I think the best solution for our re-frame app will be to set a stream? flag on our remote effect and use that in the interpreter as a signal to use the lazy reader

jfntn20:05:58

It will be a while before I can run some full-stack benchmarks to compare the solutions, but I feel like this has been a productive yak shaving session, thanks for your help @noisesmith & mpenet !

noisesmith20:05:32

heh - no problem, I hope it proves productive

jfntn20:05:49

I’ll let you know when I have some numbers to compare

jfntn22:05:57

@noisesmith starting to look like the ClojureScript reader for transit doesn’t actually support parsing that, have you tried that approach yourself?

noisesmith22:05:58

I’ve done multiple writes followed by multiple reads… but not between cljs and clj

hlship22:05:27

I'm writing a simple patch for core.async, but I don't know how to run the clojurescript tests. lein cljsbuild test builds a test.js file, but doesn't seem to execute it. I haven't touched ClojureScript in a couple of years, not sure how to proceed.

hlship23:05:46

Ah, found the script/test file ... let's see ...

hlship23:05:19

I've installed the current version of v8, but still fails:

16:08:30 ~/workspaces/github/core.async > V8_HOME="/usr/local/bin" script/test
Compiling ClojureScript...
Compiling "tests.js" from ["src/test/cljs" "src/main/clojure/cljs"]...
WARNING: Wrong number of args (1) passed to cljs.core.async.runner-tests/pause at line 71 src/test/cljs/cljs/core/async/runner_tests.cljs
WARNING: Wrong number of args (1) passed to cljs.core.async.runner-tests/pause at line 83 src/test/cljs/cljs/core/async/runner_tests.cljs
Successfully compiled "tests.js" in 9.292 seconds.
Testing with V8
tests.js:2: ReferenceError: document is not defined
if(typeof goog == "undefined") document.write('<script src="../out/goog/base.js"></script>');
                               ^
ReferenceError: document is not defined
    at tests.js:2:32

SPIDERMONKEY_HOME not set, skipping SpiderMonkey tests
JSC_HOME not set, skipping JavaScriptCore tests
16:09:08 ~/workspaces/github/core.async >

Alex Miller (Clojure team)23:05:28

I do not think that script is actually used now (or at least I haven’t used it recently, maybe David uses it)

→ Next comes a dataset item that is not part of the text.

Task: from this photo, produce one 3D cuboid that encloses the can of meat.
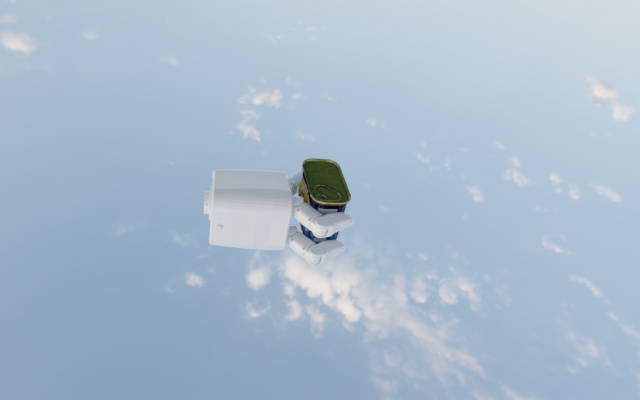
[{"bbox_3d":[0.000,0.002,0.693,0.057,0.084,0.102,1,40,-16],"label":"can of meat"}]

Alex Miller (Clojure team)23:05:18

I usually: 1. lein do clean, cljsbuild once 2. open script/runtests.html 3. Open JavaScript console and look for test output like: “Ran 43 tests containing 134 assertions. 0 failures, 0 errors.”

hlship23:05:01

Ran 44 tests containing 134 assertions.

hlship23:05:13

@alexmiller I'm updating CONTRIBUTING.md as part of this. Will it break anything if I change "runtests.html" to simply say "Check console for results."?

hlship23:05:39

And if the script is not used, could we delete it?